Imaging Quantification of Inflammation (IQI) (NCT04704609) | Clinical Trial Compass
Active — Not RecruitingNot Applicable
Imaging Quantification of Inflammation (IQI)
United States50 participantsStarted 2019-09-22
Plain-language summary
1\. Perform observational study utilizing real-time quantification of ocular inflammation to determine minimal important change.
Prospective use of changes in imaging quantification of inflammation (IQI) scores in determining treatment decisions both utilizing novel FA viewer software.
Who can participate
Age range
18 Years – 80 Years
Sex
ALL
See this in plain English?
AI-rewrites the medical criteria so a patient or caregiver can understand them. Always confirm with the trial site.
Inclusion Criteria:
* Any patient with a diagnosis of uveitis, who is deemed active or recently active (6 months) by a uveitis specialist
Exclusion Criteria:
* Poor view in fundus in both eyes which precludes image acquisition in those with posterior uveitis
* Those with posterior uveitis, any allergy to fluorescein
* Corneal opacities which prevent image acquisition
* Inability to sign consent
Questions worth asking your doctor
Bring these to your next appointment. They're a starting point for a shared conversation — not a sign you qualify or a recommendation to enrol.
1This trial is focused on imaging and measuring eye inflammation in real time rather than testing a new treatment — so would participating in it change or delay any actual treatment I'd receive for my uveitis?

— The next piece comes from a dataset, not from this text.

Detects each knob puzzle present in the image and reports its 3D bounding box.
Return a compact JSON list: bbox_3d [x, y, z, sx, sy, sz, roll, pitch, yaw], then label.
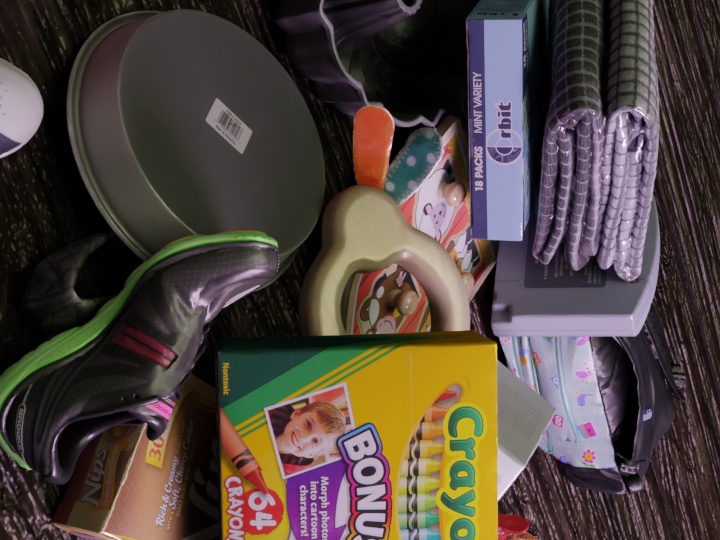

2Since this study is listed as 'active, not recruiting,' is there any chance my doctor could still refer me to a similar imaging or quantification study, or is this avenue essentially closed to me right now?
3What does 'real-time quantification of ocular inflammation' actually involve for the patient — are there extra eye scans, dye injections, or procedures beyond what I'd normally have during a uveitis checkup?
4If the goal of this trial is to develop better ways to measure inflammation in the eye, how might the findings eventually change the way my uveitis is monitored or treated in the future, even if I can't enroll now?
5Are there other imaging or monitoring studies currently recruiting that I might be eligible for, or would my doctor recommend focusing entirely on standard treatment options at this point?
Generated to help you prepare — always confirm anything about your own eligibility and care with the study team and your doctor.
Questions for the trial coordinator
The trial coordinator is the person who runs the study day to day. These cover the practical side — logistics, costs, and what taking part would actually mean for your life. The study team confirms whether you meet the criteria; these are questions to ask, not a sign you qualify.
1What does taking part actually involve week to week — how many visits, where, and how long does each one take?
2What costs are covered by the study, and what might I have to pay for myself, including travel, parking, or time off work?
3What happens during screening, and what happens if the study team confirms I don't meet the criteria after those tests?
4Who pays for the scans, blood work, and other tests the trial requires — the study, my insurance, or me?
5How will being in the trial affect my regular care, and will my own doctor stay informed and involved?
6Can I leave the trial at any point if I change my mind, and what would happen to my care if I do?
A starting point for the conversation — always confirm anything about your own eligibility, costs, and care with the study team and your doctor.